Comparison of FMR, IR and RR on hyper-parameters.

Model		FMR		IR		RR
Name	Value	3DMatch	3DLoMatch	3DMatch	3DLoMatch	3DMatch	3DLoMatch
Number of neighbor points	0	92.0	82.1	63.1	35.3	84.7	66.1
	1	95.9	84.1	62.6	33.7	87.0	68.5
	3	97.0	83.8	64.3	35.7	88.7	68.2
	5	95.9	84.2	63.4	33.5	88.3	67.5
	7	96.1	83.8	60.0	33.8	85.8	66.5
${\sigma }_{\text{d}}$	0.1	95.6	83.7	61.4	33.8	90.7	69.2
	0.2	96.4	83.8	63.0	37.4	91.8	69.5
	0.3	97.5	86.8	67.3	40.0	91.0	71.4
	0.4	96.1	87.0	65.3	36.0	87.8	70.0
	0.5	95.8	86.3	63.3	34.1	85.0	70.2
${\sigma }_{\text{a}}$	5°	95.9	80.4	66.9	39.4	90.3	70.6
	10°	97.5	86.8	67.3	40.0	91.0	71.4
	15°	96.0	86.4	68.7	39.6	91.8	73.2
	20°	95.9	86.0	67.3	39.0	91.4	70.6
	25°	96.1	85.7	66.6	39.3	91.2	70.1

Significant values are in bold.

Efficiency

We compare the inference time of several methods on a desktop computer equipped with an Intel I7-12700 CPU, an Nvidia GTX 3060 GPU, and 32G memory. Computational time is measured in seconds and calculated by averaging 100 results. As shown in Table 8, FCGF is the fastest method among these methods, and RPM-net, D3Feat are also faster than our proposed SDT, which is because their network is relatively simple and none of them adopt Transformer structure. Our proposed SDT is faster than DCP-v2, Predator, REGTR and CoFiNet, in which the former leverages deformable self/cross attention and the latter utilize Transformer structure with self/cross attention. From the results of the Table 8, it is clearly showed that Transformer with deformable self/cross attention (such as our proposed SDT) has a higher time efficiency than Transformer with self/cross attention.

Table 8.

Inference time (in seconds).

Model	ModelNet	3DMatch
FCGF	0.16	0.17
RPM-Net	0.19	0.22
D3Feat	0.21	0.28
DCP-v2	0.74	0.85
Predator	0.30	0.38
REGTR	0.42	0.51
CoFiNet	0.83	0.94
SDT (ours)	0.24	0.29

Significant values are in bold.

Conclusion

We propose a 3D point cloud registration method based on SDT. First, we propose a feature extraction and embedding module to extract basic features of point cloud and compute local spatial relationships between points in the point cloud as local positional embedding of basic feature, and formulate a SDT module to fuse and enhance above two kinds of information into new feature of point cloud by Self-Attention and Cross-Attention mechanisms. Second, we develop an overlap correspondence predict module to obtain correspondences between the pairwise point clouds by a series of handle for above new features of a pair of point clouds. Finally, we construct an $\alpha$-balance cross-entropy loss based on real correspondences of pairs of point clouds to train our unsupervised network, and we use outputs of this network to generate transformation matrices of pairs of point clouds via RANSAC algorithm. Extensive experimental results on the 3DMatch/3DLoMatch and ModelNet40/ModelLoNet40 demonstrate that our proposed method has high accuracy and strong robustness in solving point cloud registration problems in low overlap scenarios. Unfortunately, this leads to longer training and calculation times because the model uses the SDT module and the RANSAC approach simultaneously. Improving model performance, developing more efficient feature extraction and aggregation techniques, and extending our approach to more complicated scenarios need continue to study in the future.

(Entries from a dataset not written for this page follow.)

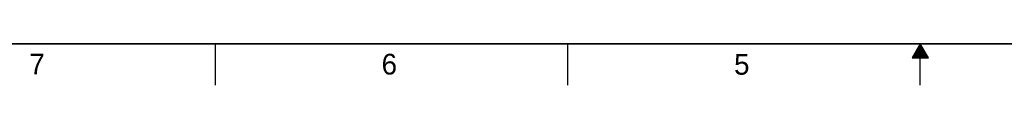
# Model space of a CAD drawing. Header units: inches. Extents: x 0 to 34, y 0 to 22.
# Tile 2 of 53: x 6.1 to 18, y 0 to 0.5. Entities that reach past the tile are written whole.
import ezdxf

# ---------------------------------------------------------------- set-up
doc = ezdxf.new("R2010")
doc.units = ezdxf.units.IN
doc.header["$LTSCALE"] = 1.87
doc.header["$MEASUREMENT"] = 0
doc.layers.get('0').update_dxf_attribs({"linetype": 'CONTINUOUS'})
doc.styles.add('TEXTSTYLE_2', font='txt')

msp = doc.modelspace()

# ---------------------------------------------------------------- linework, layer by layer
at = {"color": 2, "linetype": 'CONTINUOUS'}
for p, q in [((8.5, 0), (8.5, 0.5)), ((12.75, 0), (12.75, 0.5)), ((17, 0.5), (16.902, 0.33)), ((16.988, 0.48), (17.012, 0.48)), ((16.994, 0.49), (17.006, 0.49)), ((17.098, 0.33), (17, 0.5)), ((17, 0), (17, 0.5)), ((16.919, 0.36), (17.081, 0.36)), ((16.925, 0.37), (17.075, 0.37)), ((16.931, 0.38), (17.069, 0.38)), ((16.937, 0.39), (17.064, 0.39)), ((16.942, 0.4), (17.058, 0.4)), ((16.948, 0.41), (17.052, 0.41)), ((16.954, 0.42), (17.046, 0.42)), ((16.96, 0.43), (17.04, 0.43)), ((16.965, 0.44), (17.035, 0.44)), ((16.971, 0.45), (17.029, 0.45)), ((16.977, 0.46), (17.023, 0.46)), ((16.983, 0.47), (17.017, 0.47)), ((16.902, 0.33), (17.098, 0.33)), ((16.908, 0.34), (17.092, 0.34)), ((16.913, 0.35), (17.087, 0.35))]:
    msp.add_line(p, q, dxfattribs=at)
at = {"color": 7, "linetype": 'CONTINUOUS', "const_width": 0.02}
msp.add_lwpolyline([(0.5, 0.5), (33.5, 0.5)], dxfattribs=at)

# ---------------------------------------------------------------- texts
at = {"color": 2, "linetype": 'CONTINUOUS', "char_height": 0.25, "width": 0.25, "attachment_point": 1, "line_spacing_factor": 0.9, "style": 'TEXTSTYLE_2'}
for s, insert in [('7', (6.255, 0.379)), ('6', (10.503, 0.378)), ('5', (14.754, 0.376))]:
    msp.add_mtext(s, dxfattribs=dict(at, insert=insert))

doc.saveas('drawing.dxf')

Ethical and informed consent

Data used in our study are publicly available, and ethical approval and informed consent were obtained in each original study.

Author contributions

Xiong Fengguang: Methodology Providing and Implementing, Original Draft Writing. Kong Yu: Manuscript Reviewing and Reediting, Xie Shuaikang: Experimentation Testing. Liqun Kuang: Manuscript Reviewing and Funding acquisition. Xie Han: Funding acquisition and Resources.

Data availability

The datasets generated during and/or analyzed during our study are available from the corresponding author on reasonable request.

Competing interests

The authors declare no competing interests.